[Items listed in a dataset]
┌────────
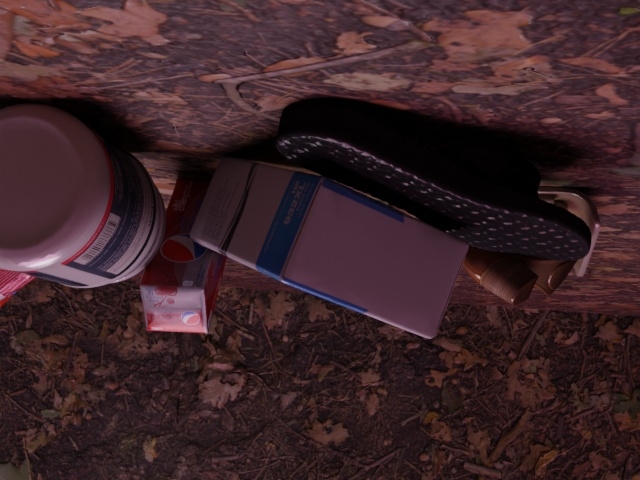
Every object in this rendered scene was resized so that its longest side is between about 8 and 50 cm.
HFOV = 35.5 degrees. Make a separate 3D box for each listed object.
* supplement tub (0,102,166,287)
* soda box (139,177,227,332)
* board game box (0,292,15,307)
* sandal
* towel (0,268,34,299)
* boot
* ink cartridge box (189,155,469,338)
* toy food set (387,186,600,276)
[{"bbox_3d":[-0.309,-0.044,1.219,0.191,0.191,0.272,2,172,9],"label":"supplement tub"},{"bbox_3d":[-0.185,0.016,1.431,0.092,0.084,0.263,3,-144,4],"label":"soda box"},{"bbox_3d":[-0.708,0.081,1.991,0.086,0.302,0.308,44,178,8],"label":"board game box"},{"bbox_3d":[0.159,-0.081,1.160,0.445,0.107,0.167,23,164,-30],"label":"sandal"},{"bbox_3d":[-0.541,0.016,1.782,0.329,0.037,0.237,-30,161,15],"label":"towel"},{"bbox_3d":[0.259,0.008,1.368,0.152,0.073,0.197,41,-148,28],"label":"boot"},{"bbox_3d":[0.000,0.000,1.255,0.223,0.129,0.307,22,179,-28],"label":"ink cartridge box"},{"bbox_3d":[0.253,0.003,1.508,0.306,0.093,0.220,3,158,9],"label":"toy food set"}]
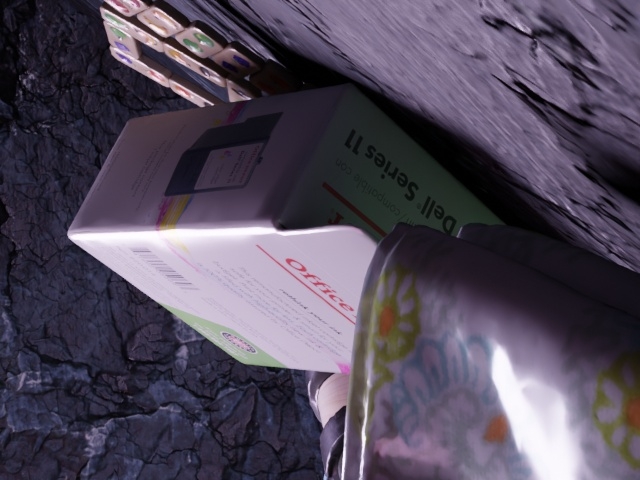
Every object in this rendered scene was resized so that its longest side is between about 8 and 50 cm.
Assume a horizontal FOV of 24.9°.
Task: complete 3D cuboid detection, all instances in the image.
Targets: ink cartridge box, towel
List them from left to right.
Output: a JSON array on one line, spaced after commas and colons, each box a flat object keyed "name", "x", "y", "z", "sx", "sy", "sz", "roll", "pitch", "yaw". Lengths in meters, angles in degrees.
[{"name": "ink cartridge box", "x": 0.000, "y": 0.000, "z": 1.038, "sx": 0.207, "sy": 0.119, "sz": 0.353, "roll": 39, "pitch": 157, "yaw": -31}, {"name": "towel", "x": 0.126, "y": 0.184, "z": 0.575, "sx": 0.090, "sy": 0.320, "sz": 0.374, "roll": -6, "pitch": -161, "yaw": -32}]

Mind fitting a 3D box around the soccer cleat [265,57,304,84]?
[{"name": "soccer cleat", "x": -0.025, "y": -0.118, "z": 1.144, "sx": 0.035, "sy": 0.029, "sz": 0.083, "roll": 44, "pitch": 177, "yaw": 19}]

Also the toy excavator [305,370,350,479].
[{"name": "toy excavator", "x": 0.244, "y": 0.265, "z": 1.566, "sx": 0.222, "sy": 0.433, "sz": 0.445, "roll": -110, "pitch": -4, "yaw": -69}]

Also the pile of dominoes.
[{"name": "pile of dominoes", "x": -0.074, "y": -0.107, "z": 1.134, "sx": 0.251, "sy": 0.040, "sz": 0.196, "roll": 30, "pitch": 168, "yaw": 6}]
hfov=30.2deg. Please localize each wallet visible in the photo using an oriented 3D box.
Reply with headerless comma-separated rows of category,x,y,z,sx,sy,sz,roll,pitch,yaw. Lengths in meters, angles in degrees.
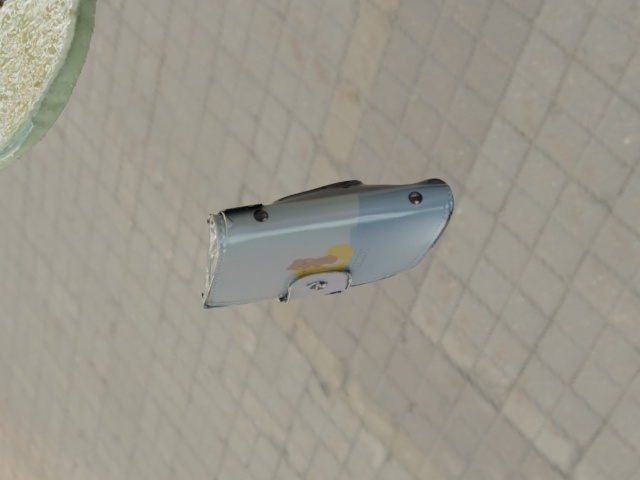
└────────
If an entry contains an image, print the rest of that entry exactly and leave the image out.

Every object in this rendered scene was resized so that its longest side is between about 8 and 50 cm.
HFOV = 35.5 degrees. Make a separate 3D box for each listed object.
* supplement tub (0,102,166,287)
* soda box (139,177,227,332)
* board game box (0,292,15,307)
* sandal
* towel (0,268,34,299)
* boot
* ink cartridge box (189,155,469,338)
* toy food set (387,186,600,276)
[{"bbox_3d":[-0.309,-0.044,1.219,0.191,0.191,0.272,2,172,9],"label":"supplement tub"},{"bbox_3d":[-0.185,0.016,1.431,0.092,0.084,0.263,3,-144,4],"label":"soda box"},{"bbox_3d":[-0.708,0.081,1.991,0.086,0.302,0.308,44,178,8],"label":"board game box"},{"bbox_3d":[0.159,-0.081,1.160,0.445,0.107,0.167,23,164,-30],"label":"sandal"},{"bbox_3d":[-0.541,0.016,1.782,0.329,0.037,0.237,-30,161,15],"label":"towel"},{"bbox_3d":[0.259,0.008,1.368,0.152,0.073,0.197,41,-148,28],"label":"boot"},{"bbox_3d":[0.000,0.000,1.255,0.223,0.129,0.307,22,179,-28],"label":"ink cartridge box"},{"bbox_3d":[0.253,0.003,1.508,0.306,0.093,0.220,3,158,9],"label":"toy food set"}]
Every object in this rendered scene was resized so that its longest side is between about 8 and 50 cm.
Assume a horizontal FOV of 24.9°.
Task: complete 3D cuboid detection, all instances in the image.
Targets: ink cartridge box, towel
List them from left to right.
Output: a JSON array on one line, spaced after commas and colons, each box a flat object keyed "name", "x", "y", "z", "sx", "sy", "sz", "roll", "pitch", "yaw". Lengths in meters, angles in degrees.
[{"name": "ink cartridge box", "x": 0.000, "y": 0.000, "z": 1.038, "sx": 0.207, "sy": 0.119, "sz": 0.353, "roll": 39, "pitch": 157, "yaw": -31}, {"name": "towel", "x": 0.126, "y": 0.184, "z": 0.575, "sx": 0.090, "sy": 0.320, "sz": 0.374, "roll": -6, "pitch": -161, "yaw": -32}]

Mind fitting a 3D box around the soccer cleat [265,57,304,84]?
[{"name": "soccer cleat", "x": -0.025, "y": -0.118, "z": 1.144, "sx": 0.035, "sy": 0.029, "sz": 0.083, "roll": 44, "pitch": 177, "yaw": 19}]

Also the toy excavator [305,370,350,479].
[{"name": "toy excavator", "x": 0.244, "y": 0.265, "z": 1.566, "sx": 0.222, "sy": 0.433, "sz": 0.445, "roll": -110, "pitch": -4, "yaw": -69}]

Also the pile of dominoes.
[{"name": "pile of dominoes", "x": -0.074, "y": -0.107, "z": 1.134, "sx": 0.251, "sy": 0.040, "sz": 0.196, "roll": 30, "pitch": 168, "yaw": 6}]
hfov=30.2deg. Please localize each wallet visible in the photo using an oriented 3D box.
Reply with headerless comma-separated rows of category,x,y,z,sx,sy,sz,roll,pitch,yaw. Lengths in meters, angles in degrees.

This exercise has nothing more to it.